The programming assignment for this week explores two ideas: the
simulation of a world in which objects are characterized by
collections of state variables and the characteristics of systems
involving concurrency.  These ideas are presented in the context of a
market game.  In order not to waste too much of your own time, it is
important to study the system and plan your work before coming to the
lab.

This problem set begins by describing the overall structure of the
simulation.  The exercises will help you to master the ideas involved.

\begin{center}
{\bf How England lost her Barings } \\
or \\
an abject Leeson for the banking community
\end{center}

Earlier this year the English banking community was stunned by the
failure of the 233-year-old Baring Brothers investment banking
company.  A 28-year-old trader in Singapore, Nick Leeson, lost over
\$1G in a rather short time.  Mr. Leeson, who was originally involved
in arbitrage trading on the differences between the prices of the
Nikkei-225 average in the Osaka and Singapore stock exchanges incurred
massive losses from an extremely leveraged position in the Nikkei
average.

\section{Markets}

In our simplification, we model a market, such as the Osaka market in
Nikkei-225 derivatives or the Singapore market in Nikkei-225
derivatives, as a message acceptor with internal state variables, {\tt
price} and {\tt pending-orders}.  The message acceptor can handle
requests to get the current price, to update the price, to accept an
order, and to process pending orders.  We make these markets with a
market-constructor procedure as follows:

\beginlisp
;;; The initial price
(define nikkei-fundamental 16680.0)
\null
(define Osaka
  (make-market "Osaka:Nikkei-225" nikkei-fundamental))
\null
(define singapore
  (make-market "Singapore:Nikkei-225" nikkei-fundamental))
\endlisp

There are several messages accepted by a market.  For example, one may
obtain the current price on the Singapore market as follows:

\beginlisp 
(singapore 'get-price)
;;; Value: 16673.23
\endlisp

Traders interact with markets.  A trader is modeled by an object that
holds two kinds of assets: a monetary balance and a number of
contracts.  In this simulation there is only one kind of contract: A
Nikkei-225 derivative contract (whatever that is!  However, we may
watch Mr. Leeson lose money with or without knowing what these
contracts are about.)

The message {\tt get-price} will be used by traders to obtain quotes
of the current market price of a contract.  The trader bases his
decisions on this price.

Every so often, a trader may place a new order by sending a {\tt
new-order!} message to a market.  An order is a procedure (of no
arguments) supplied by the trader to be executed by the market in the
near future.  An order may modify the assets of the trader.

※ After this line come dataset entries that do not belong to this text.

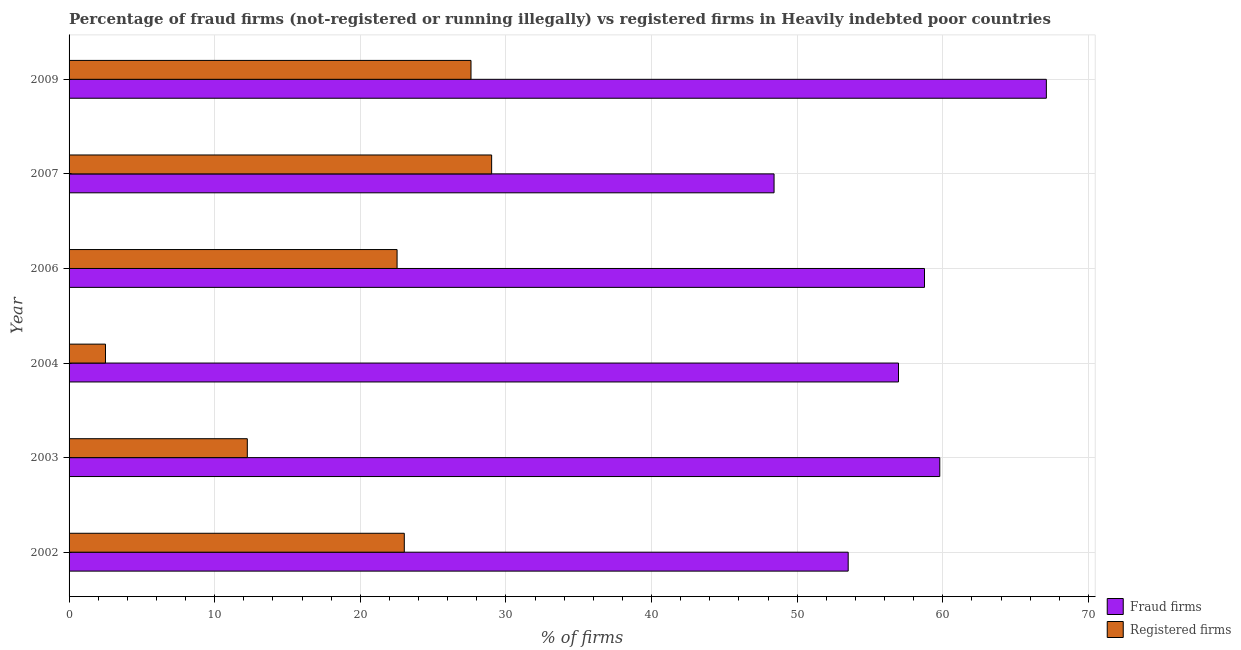How many groups of bars are there?
Offer a terse response. 6. How many bars are there on the 5th tick from the top?
Offer a very short reply. 2. How many bars are there on the 5th tick from the bottom?
Provide a succinct answer. 2. What is the label of the 3rd group of bars from the top?
Make the answer very short. 2006. What is the percentage of registered firms in 2007?
Keep it short and to the point. 29.02. Across all years, what is the maximum percentage of fraud firms?
Keep it short and to the point. 67.11. Across all years, what is the minimum percentage of fraud firms?
Keep it short and to the point. 48.41. What is the total percentage of fraud firms in the graph?
Your response must be concise. 344.5. What is the difference between the percentage of fraud firms in 2002 and that in 2003?
Offer a very short reply. -6.29. What is the difference between the percentage of fraud firms in 2002 and the percentage of registered firms in 2003?
Your answer should be very brief. 41.26. What is the average percentage of registered firms per year?
Provide a short and direct response. 19.48. In the year 2006, what is the difference between the percentage of registered firms and percentage of fraud firms?
Provide a short and direct response. -36.22. Is the percentage of registered firms in 2004 less than that in 2006?
Provide a succinct answer. Yes. What is the difference between the highest and the second highest percentage of registered firms?
Offer a terse response. 1.42. What is the difference between the highest and the lowest percentage of fraud firms?
Make the answer very short. 18.7. In how many years, is the percentage of fraud firms greater than the average percentage of fraud firms taken over all years?
Your answer should be compact. 3. What does the 2nd bar from the top in 2006 represents?
Give a very brief answer. Fraud firms. What does the 1st bar from the bottom in 2004 represents?
Ensure brevity in your answer.  Fraud firms. How many bars are there?
Give a very brief answer. 12. How many years are there in the graph?
Your answer should be very brief. 6. Are the values on the major ticks of X-axis written in scientific E-notation?
Your response must be concise. No. Does the graph contain any zero values?
Your answer should be compact. No. Does the graph contain grids?
Keep it short and to the point. Yes. How many legend labels are there?
Keep it short and to the point. 2. What is the title of the graph?
Offer a very short reply. Percentage of fraud firms (not-registered or running illegally) vs registered firms in Heavily indebted poor countries. What is the label or title of the X-axis?
Provide a succinct answer. % of firms. What is the label or title of the Y-axis?
Provide a short and direct response. Year. What is the % of firms in Fraud firms in 2002?
Offer a very short reply. 53.5. What is the % of firms in Registered firms in 2002?
Make the answer very short. 23.02. What is the % of firms of Fraud firms in 2003?
Ensure brevity in your answer.  59.79. What is the % of firms in Registered firms in 2003?
Your answer should be very brief. 12.24. What is the % of firms in Fraud firms in 2004?
Provide a succinct answer. 56.95. What is the % of firms in Fraud firms in 2006?
Your response must be concise. 58.74. What is the % of firms of Registered firms in 2006?
Give a very brief answer. 22.52. What is the % of firms of Fraud firms in 2007?
Offer a terse response. 48.41. What is the % of firms of Registered firms in 2007?
Your answer should be compact. 29.02. What is the % of firms in Fraud firms in 2009?
Your answer should be very brief. 67.11. What is the % of firms in Registered firms in 2009?
Your answer should be very brief. 27.6. Across all years, what is the maximum % of firms of Fraud firms?
Keep it short and to the point. 67.11. Across all years, what is the maximum % of firms of Registered firms?
Your answer should be compact. 29.02. Across all years, what is the minimum % of firms of Fraud firms?
Your answer should be compact. 48.41. What is the total % of firms of Fraud firms in the graph?
Your answer should be compact. 344.5. What is the total % of firms in Registered firms in the graph?
Offer a terse response. 116.9. What is the difference between the % of firms of Fraud firms in 2002 and that in 2003?
Keep it short and to the point. -6.29. What is the difference between the % of firms of Registered firms in 2002 and that in 2003?
Your response must be concise. 10.78. What is the difference between the % of firms of Fraud firms in 2002 and that in 2004?
Provide a short and direct response. -3.46. What is the difference between the % of firms in Registered firms in 2002 and that in 2004?
Make the answer very short. 20.52. What is the difference between the % of firms in Fraud firms in 2002 and that in 2006?
Your answer should be compact. -5.24. What is the difference between the % of firms of Registered firms in 2002 and that in 2006?
Give a very brief answer. 0.5. What is the difference between the % of firms in Fraud firms in 2002 and that in 2007?
Your response must be concise. 5.09. What is the difference between the % of firms of Registered firms in 2002 and that in 2007?
Provide a succinct answer. -6. What is the difference between the % of firms in Fraud firms in 2002 and that in 2009?
Provide a short and direct response. -13.61. What is the difference between the % of firms in Registered firms in 2002 and that in 2009?
Provide a short and direct response. -4.58. What is the difference between the % of firms of Fraud firms in 2003 and that in 2004?
Keep it short and to the point. 2.83. What is the difference between the % of firms of Registered firms in 2003 and that in 2004?
Provide a short and direct response. 9.74. What is the difference between the % of firms of Fraud firms in 2003 and that in 2006?
Ensure brevity in your answer.  1.05. What is the difference between the % of firms in Registered firms in 2003 and that in 2006?
Offer a terse response. -10.28. What is the difference between the % of firms of Fraud firms in 2003 and that in 2007?
Your answer should be compact. 11.38. What is the difference between the % of firms of Registered firms in 2003 and that in 2007?
Provide a succinct answer. -16.78. What is the difference between the % of firms of Fraud firms in 2003 and that in 2009?
Keep it short and to the point. -7.32. What is the difference between the % of firms of Registered firms in 2003 and that in 2009?
Your answer should be compact. -15.36. What is the difference between the % of firms in Fraud firms in 2004 and that in 2006?
Make the answer very short. -1.79. What is the difference between the % of firms in Registered firms in 2004 and that in 2006?
Provide a succinct answer. -20.02. What is the difference between the % of firms of Fraud firms in 2004 and that in 2007?
Provide a short and direct response. 8.54. What is the difference between the % of firms of Registered firms in 2004 and that in 2007?
Ensure brevity in your answer.  -26.52. What is the difference between the % of firms in Fraud firms in 2004 and that in 2009?
Your response must be concise. -10.15. What is the difference between the % of firms in Registered firms in 2004 and that in 2009?
Give a very brief answer. -25.1. What is the difference between the % of firms in Fraud firms in 2006 and that in 2007?
Your answer should be compact. 10.33. What is the difference between the % of firms in Registered firms in 2006 and that in 2007?
Offer a terse response. -6.49. What is the difference between the % of firms of Fraud firms in 2006 and that in 2009?
Offer a terse response. -8.37. What is the difference between the % of firms of Registered firms in 2006 and that in 2009?
Your answer should be compact. -5.08. What is the difference between the % of firms in Fraud firms in 2007 and that in 2009?
Provide a short and direct response. -18.7. What is the difference between the % of firms in Registered firms in 2007 and that in 2009?
Provide a succinct answer. 1.42. What is the difference between the % of firms of Fraud firms in 2002 and the % of firms of Registered firms in 2003?
Offer a terse response. 41.26. What is the difference between the % of firms of Fraud firms in 2002 and the % of firms of Registered firms in 2006?
Your response must be concise. 30.98. What is the difference between the % of firms of Fraud firms in 2002 and the % of firms of Registered firms in 2007?
Your answer should be very brief. 24.48. What is the difference between the % of firms of Fraud firms in 2002 and the % of firms of Registered firms in 2009?
Your answer should be compact. 25.9. What is the difference between the % of firms in Fraud firms in 2003 and the % of firms in Registered firms in 2004?
Make the answer very short. 57.29. What is the difference between the % of firms in Fraud firms in 2003 and the % of firms in Registered firms in 2006?
Give a very brief answer. 37.27. What is the difference between the % of firms in Fraud firms in 2003 and the % of firms in Registered firms in 2007?
Ensure brevity in your answer.  30.77. What is the difference between the % of firms in Fraud firms in 2003 and the % of firms in Registered firms in 2009?
Ensure brevity in your answer.  32.19. What is the difference between the % of firms of Fraud firms in 2004 and the % of firms of Registered firms in 2006?
Offer a terse response. 34.43. What is the difference between the % of firms in Fraud firms in 2004 and the % of firms in Registered firms in 2007?
Offer a very short reply. 27.94. What is the difference between the % of firms in Fraud firms in 2004 and the % of firms in Registered firms in 2009?
Offer a very short reply. 29.36. What is the difference between the % of firms of Fraud firms in 2006 and the % of firms of Registered firms in 2007?
Provide a succinct answer. 29.72. What is the difference between the % of firms in Fraud firms in 2006 and the % of firms in Registered firms in 2009?
Your answer should be very brief. 31.14. What is the difference between the % of firms in Fraud firms in 2007 and the % of firms in Registered firms in 2009?
Give a very brief answer. 20.81. What is the average % of firms in Fraud firms per year?
Provide a short and direct response. 57.42. What is the average % of firms in Registered firms per year?
Offer a very short reply. 19.48. In the year 2002, what is the difference between the % of firms in Fraud firms and % of firms in Registered firms?
Your answer should be compact. 30.48. In the year 2003, what is the difference between the % of firms in Fraud firms and % of firms in Registered firms?
Provide a succinct answer. 47.55. In the year 2004, what is the difference between the % of firms in Fraud firms and % of firms in Registered firms?
Keep it short and to the point. 54.45. In the year 2006, what is the difference between the % of firms in Fraud firms and % of firms in Registered firms?
Your response must be concise. 36.22. In the year 2007, what is the difference between the % of firms of Fraud firms and % of firms of Registered firms?
Provide a short and direct response. 19.39. In the year 2009, what is the difference between the % of firms in Fraud firms and % of firms in Registered firms?
Offer a terse response. 39.51. What is the ratio of the % of firms of Fraud firms in 2002 to that in 2003?
Keep it short and to the point. 0.89. What is the ratio of the % of firms of Registered firms in 2002 to that in 2003?
Make the answer very short. 1.88. What is the ratio of the % of firms of Fraud firms in 2002 to that in 2004?
Offer a very short reply. 0.94. What is the ratio of the % of firms in Registered firms in 2002 to that in 2004?
Your answer should be very brief. 9.21. What is the ratio of the % of firms in Fraud firms in 2002 to that in 2006?
Offer a very short reply. 0.91. What is the ratio of the % of firms of Registered firms in 2002 to that in 2006?
Provide a short and direct response. 1.02. What is the ratio of the % of firms of Fraud firms in 2002 to that in 2007?
Ensure brevity in your answer.  1.11. What is the ratio of the % of firms in Registered firms in 2002 to that in 2007?
Keep it short and to the point. 0.79. What is the ratio of the % of firms of Fraud firms in 2002 to that in 2009?
Provide a short and direct response. 0.8. What is the ratio of the % of firms in Registered firms in 2002 to that in 2009?
Provide a succinct answer. 0.83. What is the ratio of the % of firms of Fraud firms in 2003 to that in 2004?
Keep it short and to the point. 1.05. What is the ratio of the % of firms in Registered firms in 2003 to that in 2004?
Make the answer very short. 4.9. What is the ratio of the % of firms of Fraud firms in 2003 to that in 2006?
Offer a very short reply. 1.02. What is the ratio of the % of firms of Registered firms in 2003 to that in 2006?
Keep it short and to the point. 0.54. What is the ratio of the % of firms in Fraud firms in 2003 to that in 2007?
Your answer should be very brief. 1.24. What is the ratio of the % of firms in Registered firms in 2003 to that in 2007?
Offer a very short reply. 0.42. What is the ratio of the % of firms in Fraud firms in 2003 to that in 2009?
Keep it short and to the point. 0.89. What is the ratio of the % of firms of Registered firms in 2003 to that in 2009?
Ensure brevity in your answer.  0.44. What is the ratio of the % of firms in Fraud firms in 2004 to that in 2006?
Offer a very short reply. 0.97. What is the ratio of the % of firms in Registered firms in 2004 to that in 2006?
Make the answer very short. 0.11. What is the ratio of the % of firms in Fraud firms in 2004 to that in 2007?
Your answer should be very brief. 1.18. What is the ratio of the % of firms of Registered firms in 2004 to that in 2007?
Offer a very short reply. 0.09. What is the ratio of the % of firms in Fraud firms in 2004 to that in 2009?
Provide a short and direct response. 0.85. What is the ratio of the % of firms of Registered firms in 2004 to that in 2009?
Offer a very short reply. 0.09. What is the ratio of the % of firms of Fraud firms in 2006 to that in 2007?
Offer a terse response. 1.21. What is the ratio of the % of firms in Registered firms in 2006 to that in 2007?
Your answer should be very brief. 0.78. What is the ratio of the % of firms in Fraud firms in 2006 to that in 2009?
Offer a terse response. 0.88. What is the ratio of the % of firms in Registered firms in 2006 to that in 2009?
Offer a terse response. 0.82. What is the ratio of the % of firms of Fraud firms in 2007 to that in 2009?
Ensure brevity in your answer.  0.72. What is the ratio of the % of firms of Registered firms in 2007 to that in 2009?
Your answer should be compact. 1.05. What is the difference between the highest and the second highest % of firms in Fraud firms?
Your answer should be very brief. 7.32. What is the difference between the highest and the second highest % of firms of Registered firms?
Offer a terse response. 1.42. What is the difference between the highest and the lowest % of firms in Fraud firms?
Provide a short and direct response. 18.7. What is the difference between the highest and the lowest % of firms of Registered firms?
Your answer should be very brief. 26.52.

Our simulation system for the interaction of traders and markets sends
certain system messages to the objects to model the flow of time.
Thus, every so often a market receives, from the system, a message to
change the price or to process orders.  The markets are implemented as
follows:

\beginlisp
(define (make-market name initial-price)
  (let ((price initial-price)
        (price-serializer (make-serializer))
        (pending-orders '())
        (orders-serializer (make-serializer)))
    (define (the-market m)
      (cond ((eq? m 'new-price!)        
             (price-serializer
              (lambda (update)
                (set! price (update price)))))
            ((eq? m 'get-price) price)
            ((eq? m 'new-order!)
             (orders-serializer
              (lambda (new-order)
                (set! pending-orders
                      (append pending-orders (list new-order))))))
            ((eq? m 'execute-an-order)
             (((orders-serializer
                (lambda ()
                  (if (not (null? pending-orders))
                      (let ((outstanding-order (car pending-orders)))
                        (set! pending-orders (cdr pending-orders))
                        outstanding-order)
                      (lambda () 'nothing-to-do)))))))
            ((eq? m 'get-name) name)
            (else (error "Wrong message" m))))
    the-market))
\endlisp

We can instantiate the general market to make a particular market, say
the Osaka market in Nikkei-225 derivatives:

\beginlisp
(define nikkei-fundamental 16680.0)
\null
(define Osaka
  (make-market "Osaka:Nikkei-225" nikkei-fundamental))
\endlisp

Notice that in {\tt make-market} the {\tt price-serializer} is applied
to a procedure that takes a procedure {\tt update} and uses it to
compute the new price from the old one.  The {\em critical region}
guarded by the serializer contains both the assignment to the
protected variable and a read access of that variable.  The acceptance
of a new order is similarly serialized.  Execution of an order is also
serialized with the {\tt orders-serializer}, but this is a much more
complicated situation.  

\paragraph{Exercise 1:}
Why do we need two different serializers to implement a market?  What
bad result could we expect if we made only one serializer and used it
to serialize all three of the guarded regions?  Why must the {\tt
orders-serializer} be used for guarding two regions?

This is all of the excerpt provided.